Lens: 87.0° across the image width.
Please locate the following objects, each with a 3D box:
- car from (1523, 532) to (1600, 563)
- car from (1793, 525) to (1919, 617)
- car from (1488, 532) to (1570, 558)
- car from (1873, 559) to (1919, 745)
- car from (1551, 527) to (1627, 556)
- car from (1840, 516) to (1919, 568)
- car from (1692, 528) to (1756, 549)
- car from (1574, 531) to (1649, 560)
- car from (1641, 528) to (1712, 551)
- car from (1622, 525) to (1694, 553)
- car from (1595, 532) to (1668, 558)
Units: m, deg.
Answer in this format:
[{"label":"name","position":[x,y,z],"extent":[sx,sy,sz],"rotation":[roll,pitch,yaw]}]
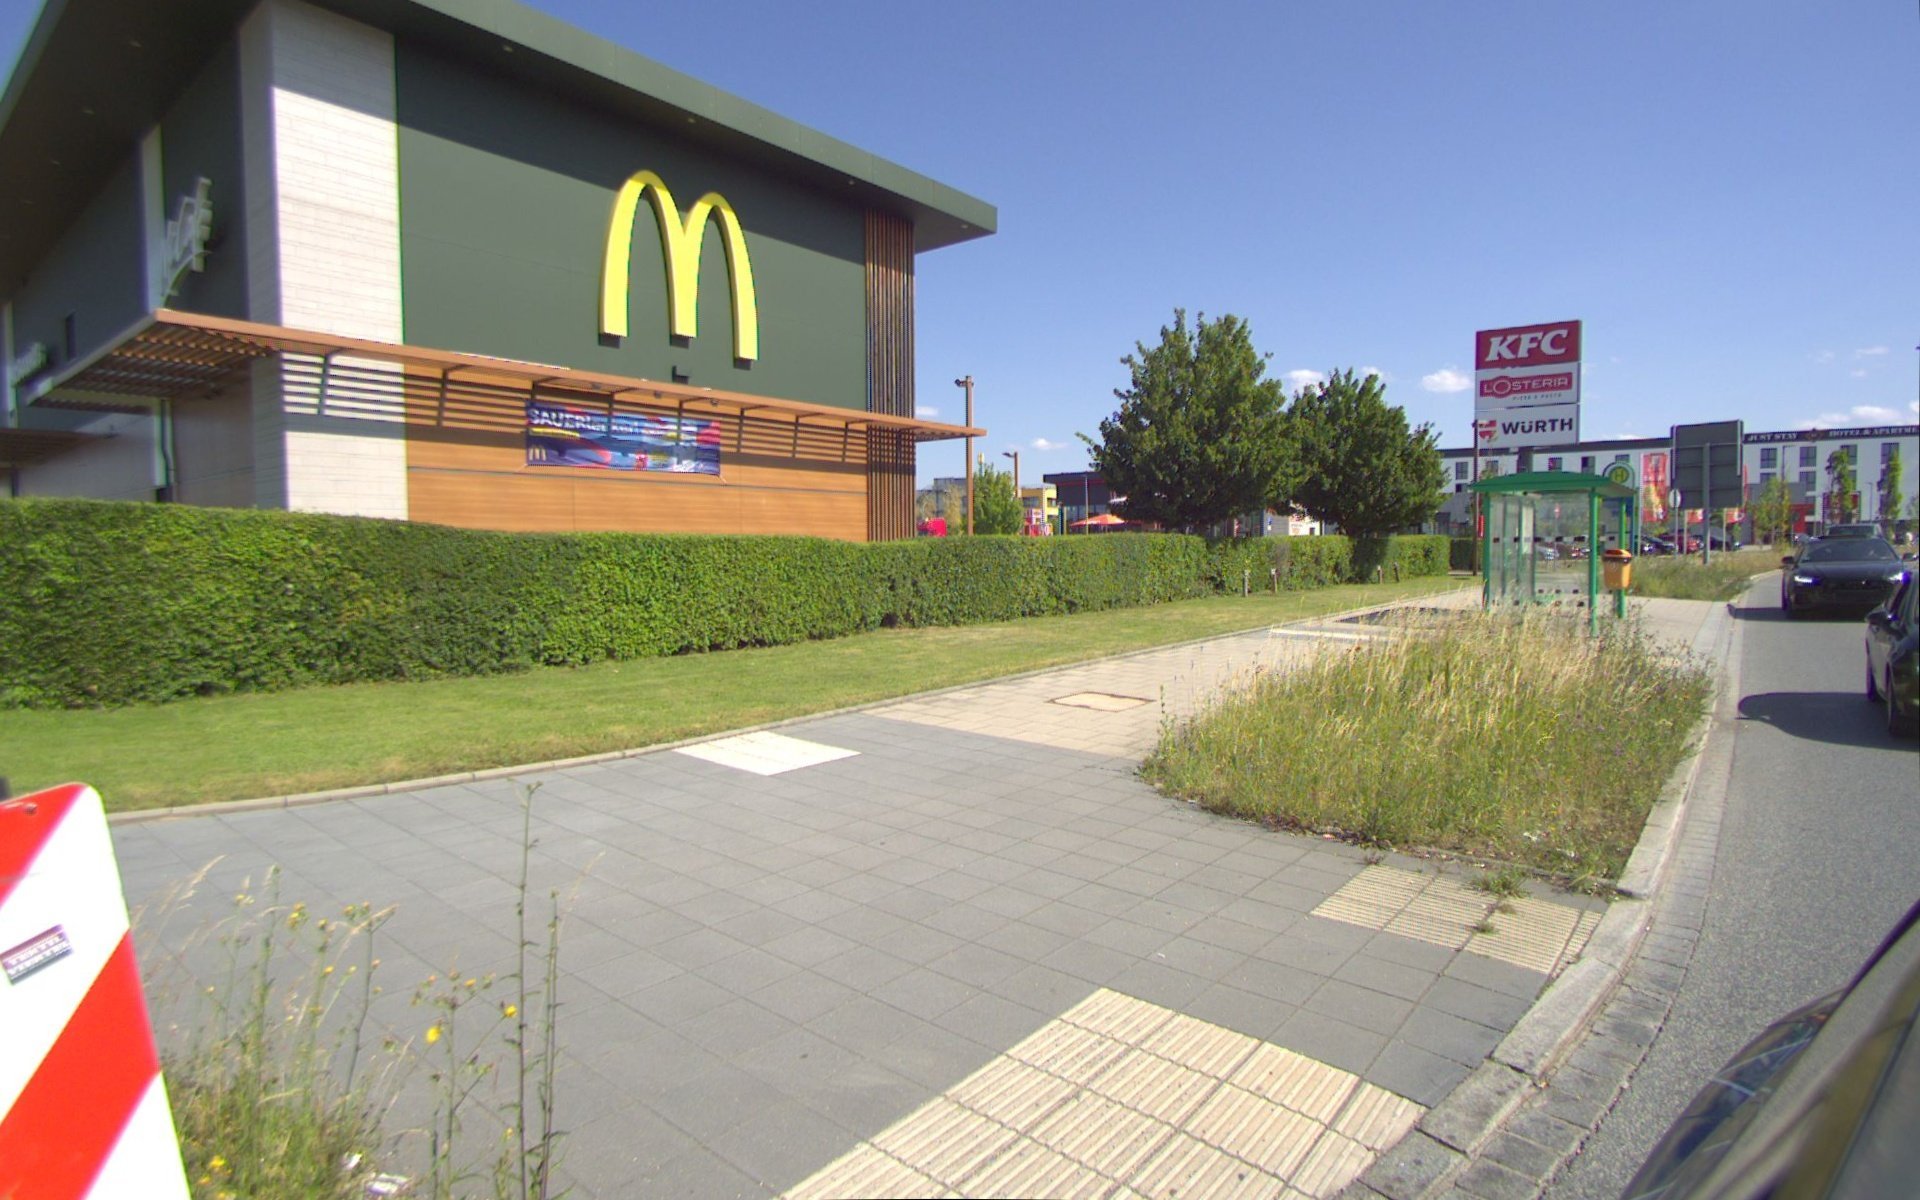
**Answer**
* * * * * * * * *
- **What is needed**
The copy must reproduce the listing above verbatim and contain no pictures.

- **The completed task**
Lens: 87.0° across the image width.
Please locate the following objects, each with a 3D box:
- car from (1523, 532) to (1600, 563)
- car from (1793, 525) to (1919, 617)
- car from (1488, 532) to (1570, 558)
- car from (1873, 559) to (1919, 745)
- car from (1551, 527) to (1627, 556)
- car from (1840, 516) to (1919, 568)
- car from (1692, 528) to (1756, 549)
- car from (1574, 531) to (1649, 560)
- car from (1641, 528) to (1712, 551)
- car from (1622, 525) to (1694, 553)
- car from (1595, 532) to (1668, 558)
Units: m, deg.
Answer in this format:
[{"label":"name","position":[x,y,z],"extent":[sx,sy,sz],"rotation":[roll,pitch,yaw]}]
**Answer**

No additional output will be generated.